:: Provided information ::

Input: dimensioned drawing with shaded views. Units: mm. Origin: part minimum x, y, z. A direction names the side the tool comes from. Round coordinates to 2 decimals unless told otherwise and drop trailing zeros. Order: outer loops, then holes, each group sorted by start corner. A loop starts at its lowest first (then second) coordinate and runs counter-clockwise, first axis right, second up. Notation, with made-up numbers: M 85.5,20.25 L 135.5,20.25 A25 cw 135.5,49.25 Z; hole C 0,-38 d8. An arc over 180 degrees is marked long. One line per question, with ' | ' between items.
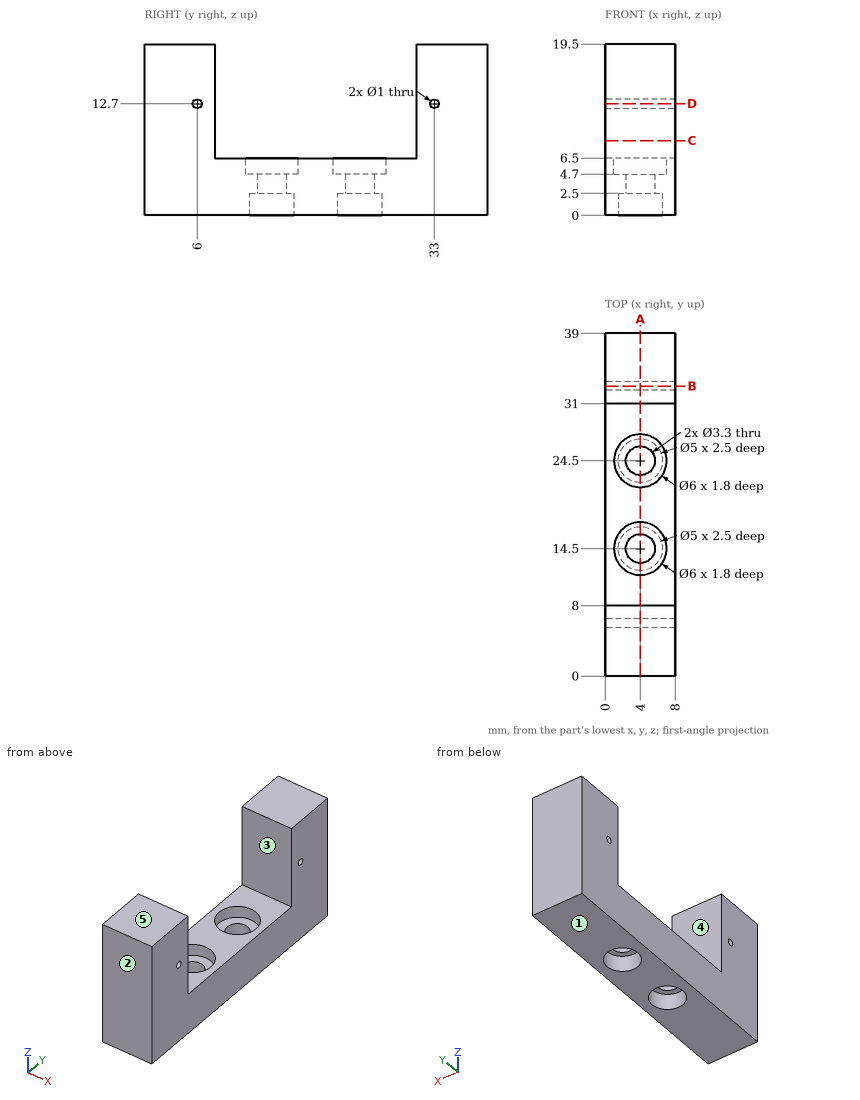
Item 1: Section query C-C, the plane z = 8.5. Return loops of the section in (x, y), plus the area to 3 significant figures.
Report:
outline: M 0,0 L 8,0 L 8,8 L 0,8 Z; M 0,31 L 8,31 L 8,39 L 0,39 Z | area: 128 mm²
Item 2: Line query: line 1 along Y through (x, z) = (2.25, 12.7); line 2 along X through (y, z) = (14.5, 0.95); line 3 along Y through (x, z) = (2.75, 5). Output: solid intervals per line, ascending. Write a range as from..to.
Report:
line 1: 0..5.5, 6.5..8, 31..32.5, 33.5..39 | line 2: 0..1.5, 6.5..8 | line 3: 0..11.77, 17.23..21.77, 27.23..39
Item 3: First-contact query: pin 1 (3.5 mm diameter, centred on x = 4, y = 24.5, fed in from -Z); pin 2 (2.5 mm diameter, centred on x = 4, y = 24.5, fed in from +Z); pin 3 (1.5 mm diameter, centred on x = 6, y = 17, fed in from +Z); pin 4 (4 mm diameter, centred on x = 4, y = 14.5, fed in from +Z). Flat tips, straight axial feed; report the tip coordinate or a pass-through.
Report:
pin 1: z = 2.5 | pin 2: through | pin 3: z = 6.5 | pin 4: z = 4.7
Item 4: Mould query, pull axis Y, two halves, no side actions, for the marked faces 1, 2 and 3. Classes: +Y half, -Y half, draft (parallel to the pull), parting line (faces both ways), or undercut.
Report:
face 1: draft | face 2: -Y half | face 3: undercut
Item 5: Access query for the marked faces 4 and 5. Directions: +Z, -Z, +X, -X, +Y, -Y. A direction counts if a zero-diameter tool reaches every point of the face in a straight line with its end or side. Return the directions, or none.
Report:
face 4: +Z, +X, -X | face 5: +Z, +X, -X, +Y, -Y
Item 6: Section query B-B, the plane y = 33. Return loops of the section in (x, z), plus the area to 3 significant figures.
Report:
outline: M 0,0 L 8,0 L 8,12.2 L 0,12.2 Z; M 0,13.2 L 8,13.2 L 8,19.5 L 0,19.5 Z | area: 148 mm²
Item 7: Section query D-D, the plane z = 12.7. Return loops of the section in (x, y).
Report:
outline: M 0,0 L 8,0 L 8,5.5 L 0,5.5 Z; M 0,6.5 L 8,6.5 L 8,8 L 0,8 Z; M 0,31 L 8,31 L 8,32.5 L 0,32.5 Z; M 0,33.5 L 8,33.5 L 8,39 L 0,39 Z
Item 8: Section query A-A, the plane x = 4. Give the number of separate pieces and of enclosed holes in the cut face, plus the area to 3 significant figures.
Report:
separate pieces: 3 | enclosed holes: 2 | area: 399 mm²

:::

Transcribe the complete set of entries verbatim. No pictures belong in the copy.

Input: dimensioned drawing with shaded views. Units: mm. Origin: part minimum x, y, z. A direction names the side the tool comes from. Round coordinates to 2 decimals unless told otherwise and drop trailing zeros. Order: outer loops, then holes, each group sorted by start corner. A loop starts at its lowest first (then second) coordinate and runs counter-clockwise, first axis right, second up. Notation, with made-up numbers: M 85.5,20.25 L 135.5,20.25 A25 cw 135.5,49.25 Z; hole C 0,-38 d8. An arc over 180 degrees is marked long. One line per question, with ' | ' between items.
Item 1: Section query C-C, the plane z = 8.5. Return loops of the section in (x, y), plus the area to 3 significant figures.
Report:
outline: M 0,0 L 8,0 L 8,8 L 0,8 Z; M 0,31 L 8,31 L 8,39 L 0,39 Z | area: 128 mm²
Item 2: Line query: line 1 along Y through (x, z) = (2.25, 12.7); line 2 along X through (y, z) = (14.5, 0.95); line 3 along Y through (x, z) = (2.75, 5). Output: solid intervals per line, ascending. Write a range as from..to.
Report:
line 1: 0..5.5, 6.5..8, 31..32.5, 33.5..39 | line 2: 0..1.5, 6.5..8 | line 3: 0..11.77, 17.23..21.77, 27.23..39
Item 3: First-contact query: pin 1 (3.5 mm diameter, centred on x = 4, y = 24.5, fed in from -Z); pin 2 (2.5 mm diameter, centred on x = 4, y = 24.5, fed in from +Z); pin 3 (1.5 mm diameter, centred on x = 6, y = 17, fed in from +Z); pin 4 (4 mm diameter, centred on x = 4, y = 14.5, fed in from +Z). Flat tips, straight axial feed; report the tip coordinate or a pass-through.
Report:
pin 1: z = 2.5 | pin 2: through | pin 3: z = 6.5 | pin 4: z = 4.7
Item 4: Mould query, pull axis Y, two halves, no side actions, for the marked faces 1, 2 and 3. Classes: +Y half, -Y half, draft (parallel to the pull), parting line (faces both ways), or undercut.
Report:
face 1: draft | face 2: -Y half | face 3: undercut
Item 5: Access query for the marked faces 4 and 5. Directions: +Z, -Z, +X, -X, +Y, -Y. A direction counts if a zero-diameter tool reaches every point of the face in a straight line with its end or side. Return the directions, or none.
Report:
face 4: +Z, +X, -X | face 5: +Z, +X, -X, +Y, -Y
Item 6: Section query B-B, the plane y = 33. Return loops of the section in (x, z), plus the area to 3 significant figures.
Report:
outline: M 0,0 L 8,0 L 8,12.2 L 0,12.2 Z; M 0,13.2 L 8,13.2 L 8,19.5 L 0,19.5 Z | area: 148 mm²
Item 7: Section query D-D, the plane z = 12.7. Return loops of the section in (x, y).
Report:
outline: M 0,0 L 8,0 L 8,5.5 L 0,5.5 Z; M 0,6.5 L 8,6.5 L 8,8 L 0,8 Z; M 0,31 L 8,31 L 8,32.5 L 0,32.5 Z; M 0,33.5 L 8,33.5 L 8,39 L 0,39 Z
Item 8: Section query A-A, the plane x = 4. Give the number of separate pieces and of enclosed holes in the cut face, plus the area to 3 significant figures.
Report:
separate pieces: 3 | enclosed holes: 2 | area: 399 mm²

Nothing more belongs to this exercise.